Facing charges of illegal arms possession and other crimes in Haiti, the group was swiftly taken out of the country with the help of the U.S. Embassy and the State Department, with the approval of Haiti’s justice minister.

At a news conference a few months later, Moise was publicly asked to address reports that he had hired private military contractors to beef up his security in the midst of escalating violent protests and demands for his resignation. Moise responded that they were there to conduct an evaluation of his security.

Moise had been ruling by decree since January 2020 when he issued an executive order in March declaring a state of emergency, allowing the Haitian government to contract with foreign entities if need be to help with the country’s rising insecurity. The move followed the death of five police officers in a botched anti-gang raid in a seaside slum of the capital, and fellow officers angrily taking to the streets to protest the killings.

Now, retired Colombian soldiers are suspected of participating in the assassination of Moise. Of 28 people suspected of carrying out the killing, 26 of them are Colombian nationals and two are naturalized Americans of Haitian descent, Haiti’s interim police director Leon Charles told journalists late Thursday.
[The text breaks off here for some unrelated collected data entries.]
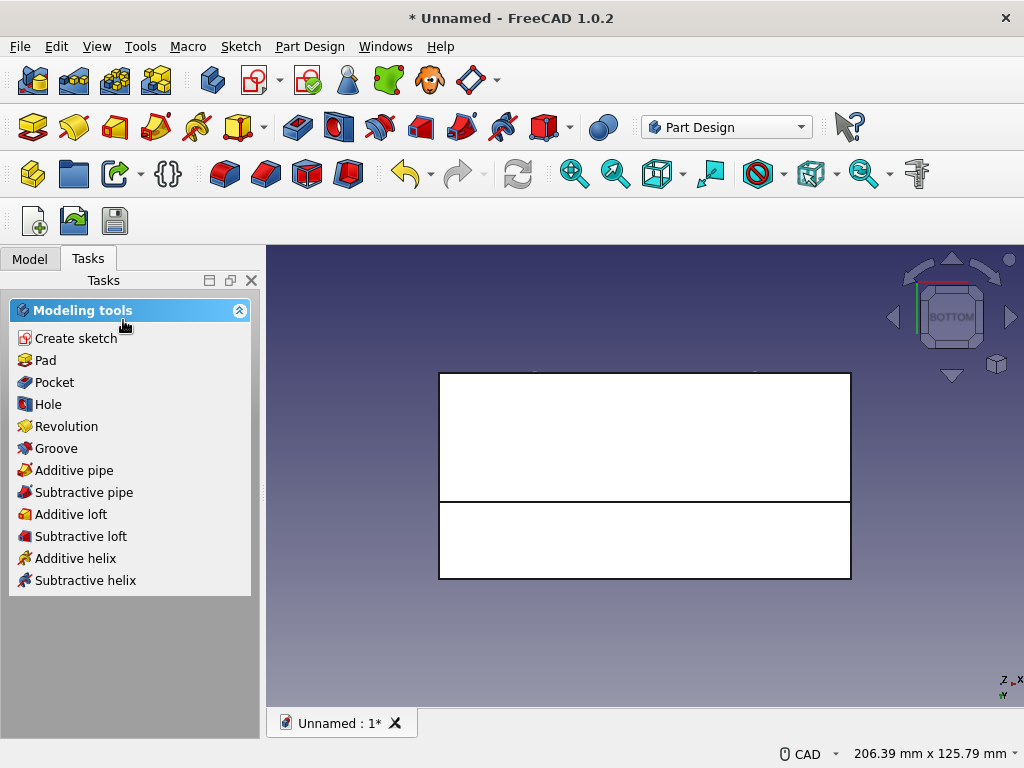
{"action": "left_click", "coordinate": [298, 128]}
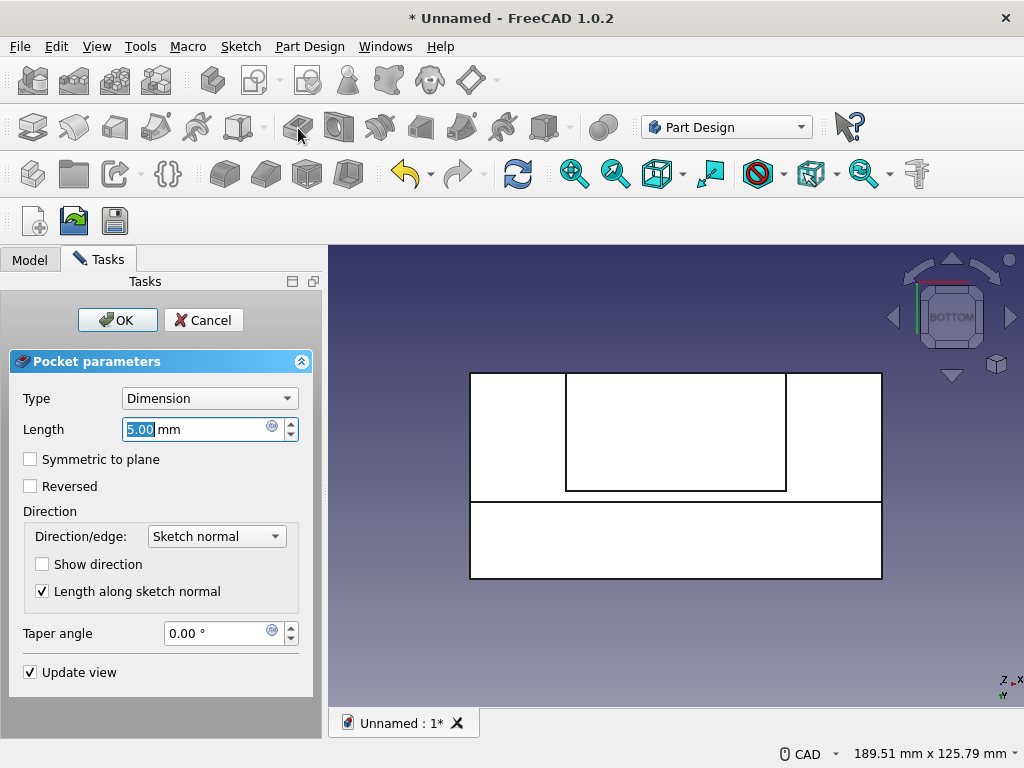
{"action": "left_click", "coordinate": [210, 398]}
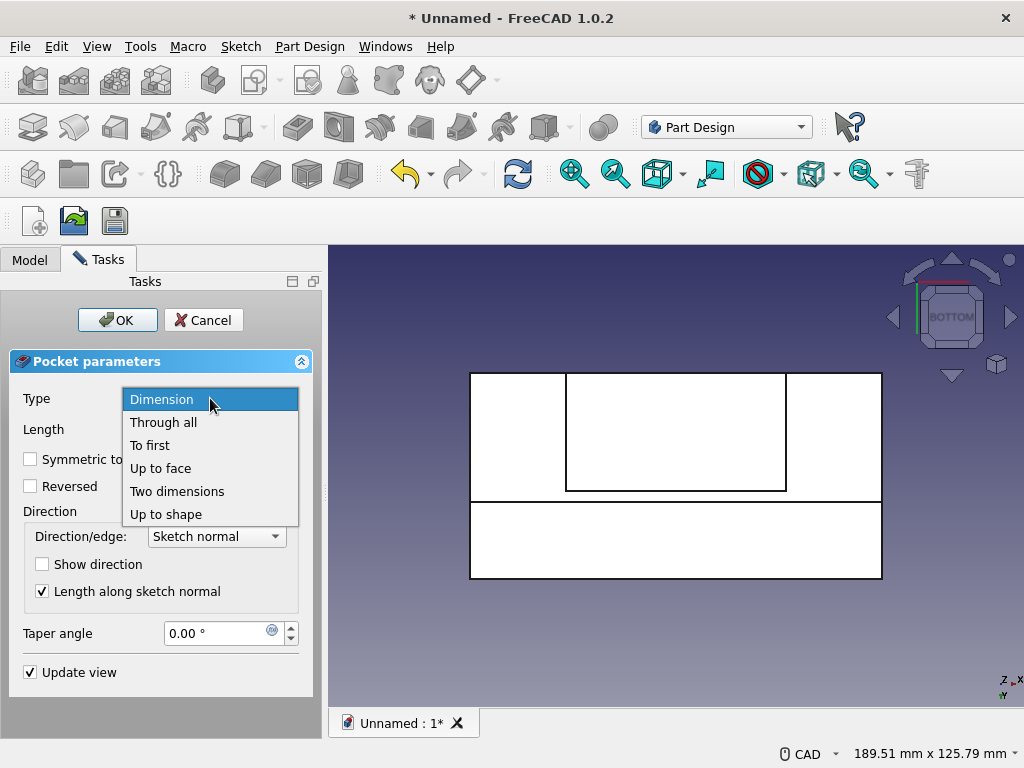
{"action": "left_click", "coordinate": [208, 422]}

Colombian authorities on Thursday said at least two of the Colombians implicated in the Haitian president’s assassination are former members of the country’s army.
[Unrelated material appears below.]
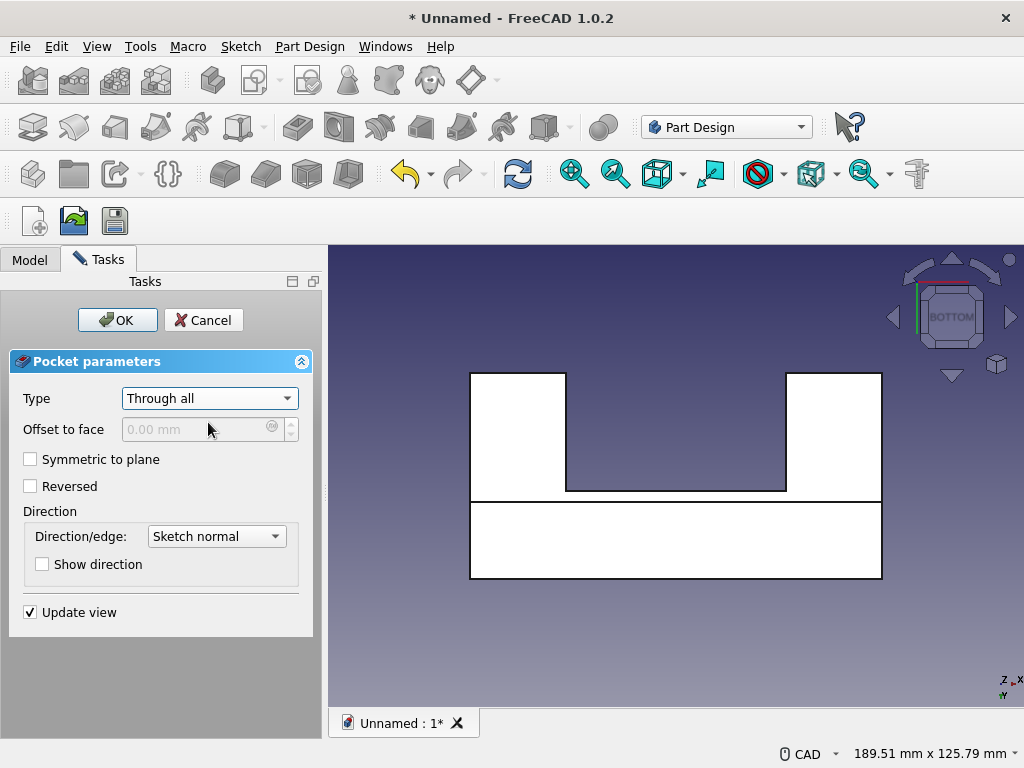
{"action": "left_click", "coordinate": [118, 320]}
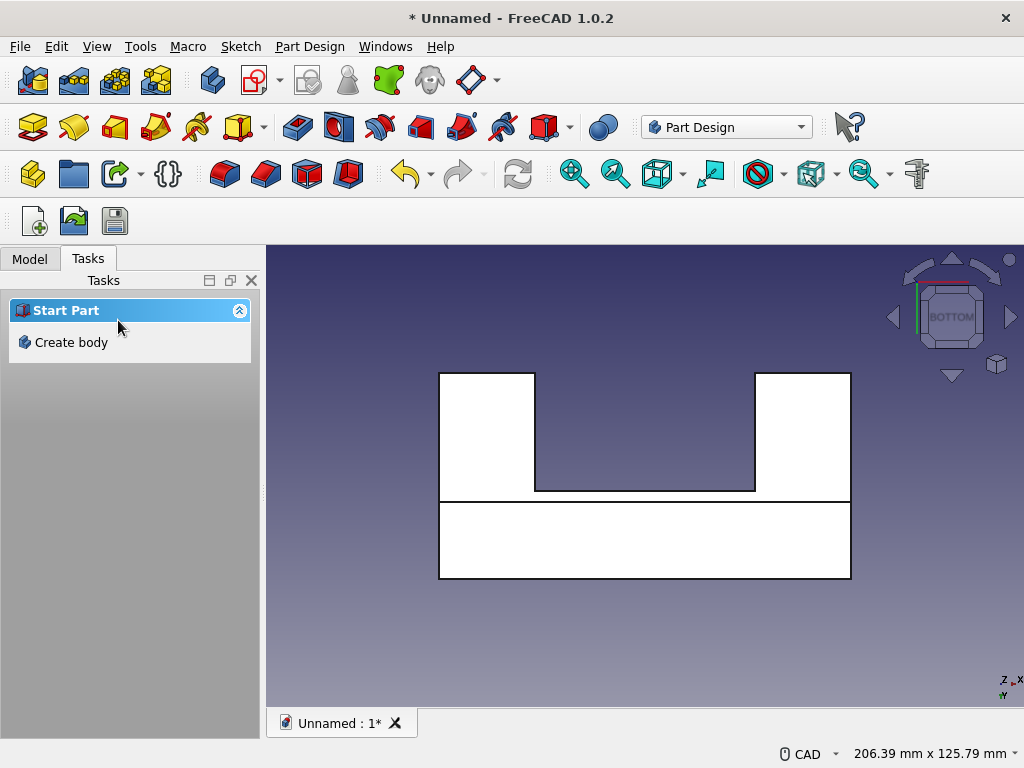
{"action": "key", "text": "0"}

Colombia Defense Minister Diego Molano said the South American nation had received an official request from Interpol, the international police agency, for information about the Colombian suspects.

Molano said he had instructed Colombian police and the military to collaborate with Haitian authorities “in the face of the alleged participation of Colombians in that abominable act.”

He added Colombia had created a team of experts to help in the investigation.

The head of the Colombian Army also said that he had “received a clear order of the president of the republic Ivan Duque Marquez that we are willing to provide to the national police of Colombia all of the information regarding the events and where these two former members of the public force were involved, in this case the national army.”

On Friday, Duque announced that he was sending a team from Colombia to Haiti to assist authorities. The White House also announced that a team from the FBI and the Department of Homeland Security was on its way to Port-au-Prince to assist.

White House spokeswoman Jen Psaki announced that the Haitian government, currently being led by acting Prime Minister Claude Joseph, had asked for investigative help and security.

“We will be sending senior FBI and DHS officials to Port-au-Prince as soon as possible to assess the situation and how we may be able to assist,” she said.

Haiti Foreign Minister Bocchit Edmond said the government has asked the U.S. to freeze the U.S. assets of anyone who participated or planned the killing.

The use of private security forces in Haiti dates back to the mid to late 1990s when there was an explosive growth in domestic, Haitian-owned and operated private security companies, O’Neill said.

O’Neill said such forces have always been a concern for the U.N.

“A few were legitimate and fulfilled useful services, but many were not,” he said. “They in effect became private police forces, something we at the U.N. at the time worried a lot about because the government, with help from the U.N., was trying to create for the first time in Haitian history a professional police service that was not politicized or under anyone’s control.”